One woman was killed and another 19 were injured when a car drove through a group counter-protesting a rally called Unite the Right organized by alt-right groups and white nationalists in Charlottesville Saturday.

Protesters and counter-protesters had clashed the night before at the base of a statue of Confederate General Robert E. Lee in the city’s Emancipation Park.

Two Virginia State police officers monitoring the situation died in a helicopter crash.

Outside Victoria Park Wednesday night, rally-goers held signs, sang songs of inclusivity, and cheered speakers who condemned the violence and actions of the Unite the Right protestors.

Virginian Didi Pinto held a sign saying Virginia Is For Lovers, the state’s travel slogan.

“We fought too hard and have made too much progress to be going this quickly backwards. It’s scary to see,” said.

Others held signs with messages of acceptance.

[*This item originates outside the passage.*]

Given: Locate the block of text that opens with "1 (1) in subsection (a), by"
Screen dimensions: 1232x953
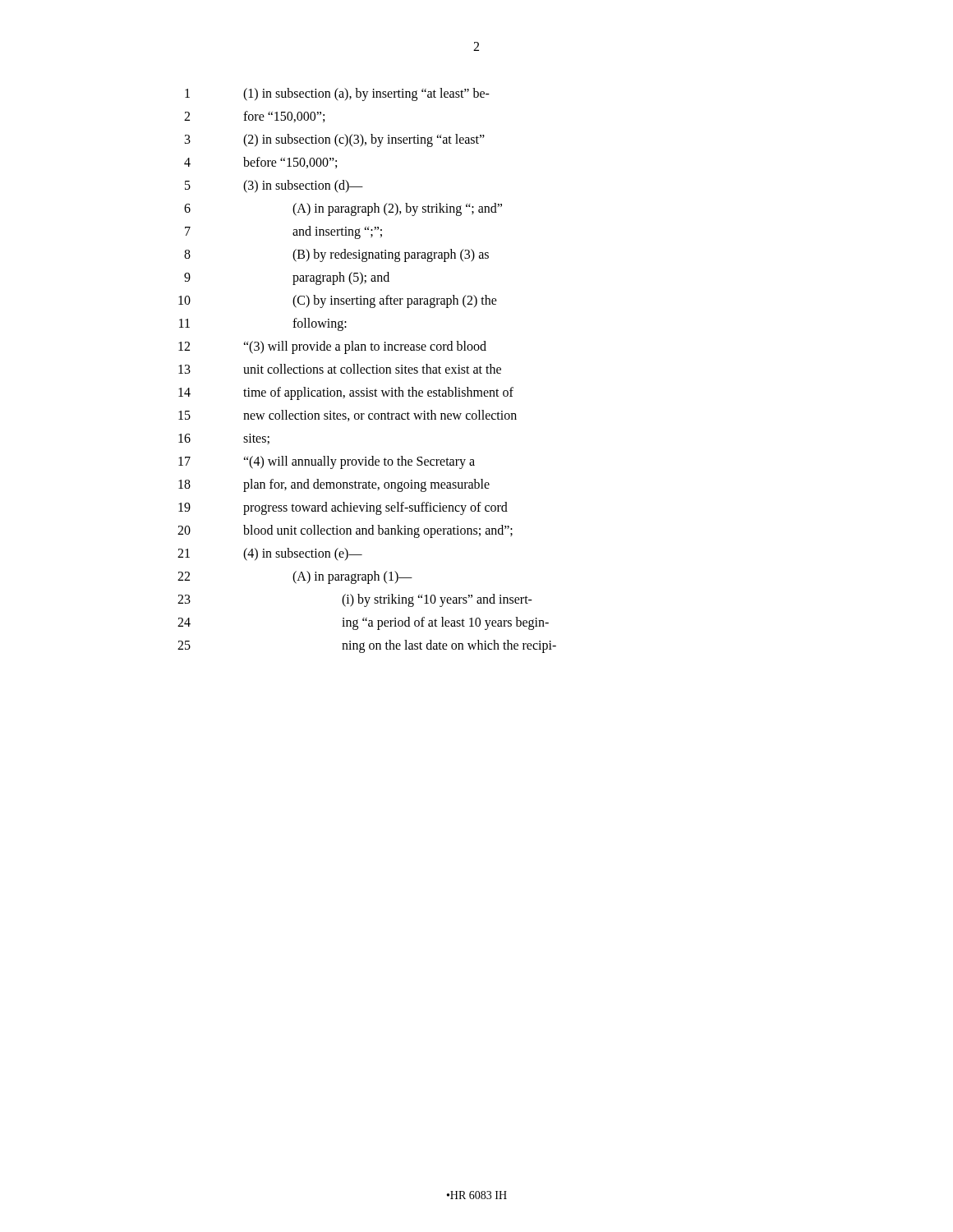Looking at the screenshot, I should coord(319,94).
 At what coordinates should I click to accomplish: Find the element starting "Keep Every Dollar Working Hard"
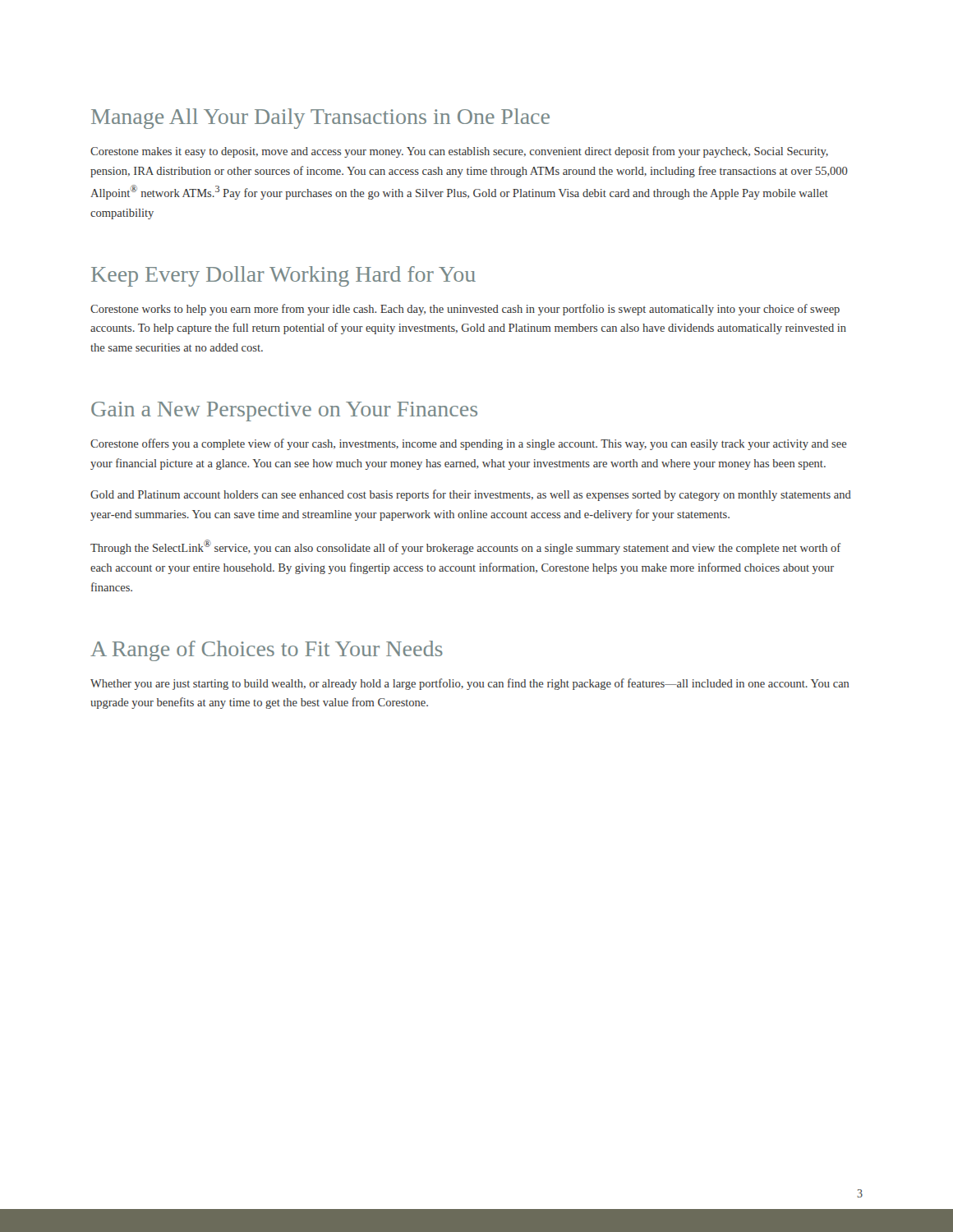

There were no counter-protesters at Wednesday’s rally. London police patrolled the event to ensure public safety.

“It was a good happy crowd full of support. It’s wonderful,” Goldsmith said.

“It will be different on the 26th (of August).”

That’s when Pegida Canada London, also known as Patriots of Canada Against the Islamization of the West, plans a noon-hour rally at London city hall.

Goldsmith told the Victoria Park crowd Wednesday that organizers plan their own rally to counter the Pegida gathering.